Though the audience laughed along with Harris-Perry when she joked about the Tea Party, George W. Bush, Beyoncé, Southern black culture, and Ithaca’s weather, most in attendance were hesitant to cajole along with her when she boasted about her honorarium no fewer than three times. At one point the MSNBC host even quipping she would “be down with lower taxes” because of all the money she makes from her speaking circuit.

The cornerstone of her presentation–aside from the cringe-worthy spectacle she was making of herself–was the idea that the country must “break bodies [in order] to perfect the union.” During the presentation, the word “bodies” was used no fewer than 100 times in line with the emergent phraseology of leftist activism that places an undue emphasis on physicality rather than on actual thought. It is through “bodies” and “motion” and “spaces” that these modern-day leftist protesters and activists seek to effect change, not through “minds” and “thinking” and “ideas.” Harris-Perry went on to explain to the audience the struggle of “black bodies” throughout American history, showing slides on her accompanying PowerPoint depicting images of “bodies that have moved,” “bodies that would not be moved,” “bodies that sat,” “bodies that rose,” etc.

“We break bodies in order to… get to where we need to go,” she explained.

The importance of using the word “bodies” over, say, the word “people” is because bodies, being purely physical, cannot think, whereas people–the union of body and mind–can. The problem for body-obsessed activists is that those who can think for themselves clearly do not drink their Kool-Aid.

The MLK commemorator went on to discuss how fraught the past decade was for black bodies, citing the response to victims of Hurricane Katrina as well as the arrest of Harvard University professor Skip Gates in 2009. Referring to the Harvard professor, Harris-Perry said, “Your respectability cannot and will not save you…they went into his house and got him.”

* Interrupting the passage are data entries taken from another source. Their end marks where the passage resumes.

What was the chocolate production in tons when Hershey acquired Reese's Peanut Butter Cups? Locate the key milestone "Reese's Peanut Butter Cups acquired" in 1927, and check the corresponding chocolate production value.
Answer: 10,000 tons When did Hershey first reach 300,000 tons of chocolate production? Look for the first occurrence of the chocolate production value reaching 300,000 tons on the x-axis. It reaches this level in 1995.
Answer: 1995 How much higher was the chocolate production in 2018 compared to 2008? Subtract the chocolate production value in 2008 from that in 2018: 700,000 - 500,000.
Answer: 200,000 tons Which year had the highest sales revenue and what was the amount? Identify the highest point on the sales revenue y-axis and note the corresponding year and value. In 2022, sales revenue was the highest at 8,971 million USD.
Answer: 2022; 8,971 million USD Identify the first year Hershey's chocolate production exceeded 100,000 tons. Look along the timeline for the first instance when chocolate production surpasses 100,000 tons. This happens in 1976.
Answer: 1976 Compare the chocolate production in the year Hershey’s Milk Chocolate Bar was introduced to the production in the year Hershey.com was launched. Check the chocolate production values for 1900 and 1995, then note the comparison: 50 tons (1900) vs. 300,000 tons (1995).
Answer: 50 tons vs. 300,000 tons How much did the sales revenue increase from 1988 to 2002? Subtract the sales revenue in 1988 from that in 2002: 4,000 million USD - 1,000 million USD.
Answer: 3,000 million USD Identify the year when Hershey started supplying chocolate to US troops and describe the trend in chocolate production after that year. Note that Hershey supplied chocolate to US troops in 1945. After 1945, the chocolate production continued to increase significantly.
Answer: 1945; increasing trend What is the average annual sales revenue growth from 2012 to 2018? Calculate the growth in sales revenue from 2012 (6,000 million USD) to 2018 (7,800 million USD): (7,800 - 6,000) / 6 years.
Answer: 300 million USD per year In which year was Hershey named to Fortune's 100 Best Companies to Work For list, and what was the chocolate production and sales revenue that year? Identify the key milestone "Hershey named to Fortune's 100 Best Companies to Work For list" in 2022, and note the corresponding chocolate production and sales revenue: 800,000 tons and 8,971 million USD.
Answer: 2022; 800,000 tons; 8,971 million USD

The last segment of the presentation concerned art. Earlier in the speech Harris-Perry did lament how the movie ‘Selma’ only won one Academy Award, but in this drawn-out closing segment she spoke about the need for “black bodies” to become artists. Indeed, given the turmoil facing the country after a string of highly controversial white-on-black and black-on-white crime cases, Harris-Perry’s solution for blacks and non-blacks alike it to become artists–singers, drawers, actors.

Once again, the new rhetoric of the activism class showed in Harris-Perry’s speech supposedly delivered in commemoration of Dr. King. Here on display was the infantilization, the self-parodying of the gravity of topic of discussion–race in America–by minimizing the proper role of rationality and introspection to make room for galvanizing buzzwords and catchphrases.

Let us only hope Cornell will select a more refined, serious speaker next year. On campus, comedians should perform their skits in Bailey Hall, not in Sage Chapel in commemoration of Dr. King.